The primary objective of any email marketing piece is to get your customers to open it, read it and take some action. The first step is often the hardest; getting them to open it. The best way to do this is to get them in the habit of opening your email from the start, and you won’t do this with an auto-responder or email blast. Automatic email responses are a great way to let people know you received their email or that they successfully signed up at your site. The problem is that they encourage the automatic deletion of your emails from day one.

It takes time to mount a successful marketing campaign, but if they are successful, it is worth the time and effort. Your first email to any new or potential client should be written directly and specifically to them. This takes a bit of time, but if you are just starting out, you aren’t getting hundreds or thousands of hits on your site. Take the time to write a personal note and get them in the habit of opening your emails from the beginning.

Next, subsequent emails should contain useful information, informative content, or interesting articles. Don’t start selling right away. Again, the point here is to build a relationship and convince the potential client that your emails are worth opening and reading each and every time.

At this point, you can start with small action requests in your emails. Ask them a question or put in a simple survey. Now they are not only opening your email, they are responding to it and creating a dialog with you.

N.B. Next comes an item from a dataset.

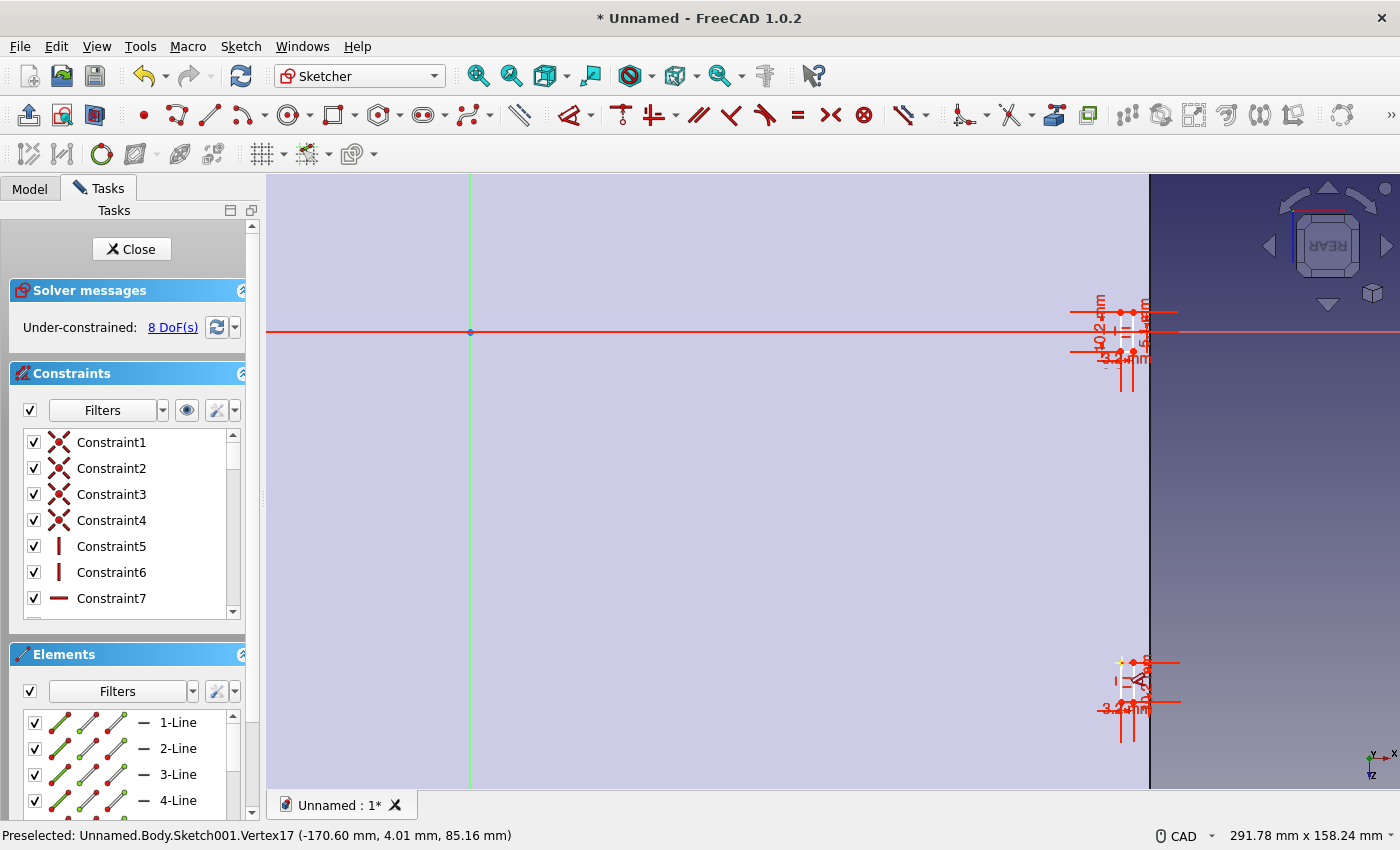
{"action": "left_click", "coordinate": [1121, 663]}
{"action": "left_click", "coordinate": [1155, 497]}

Once you have this two-way communication going, you have developed a relationship with the client.

Now that you have the client communicating back with you, only then should you start the sales process. The question in the next email could be related to a product or service you offer and asking if they would be interested in it. At this point, you are just asking their opinion, but are also roping them in as a potential buyer and future customer.

Only after you have established an ongoing relationship with the client, should you start including them in mass marketing emails. Even then, you should continue the one on one relationship you established at the start so they don’t start automatically deleting your emails.

Many businesses start their marketing campaigns with blast emails hoping to capture 1% with which to build a relationship. Taking the opposite approach and building the relationship first, will net more dependable customers and in the end, make better use of your time.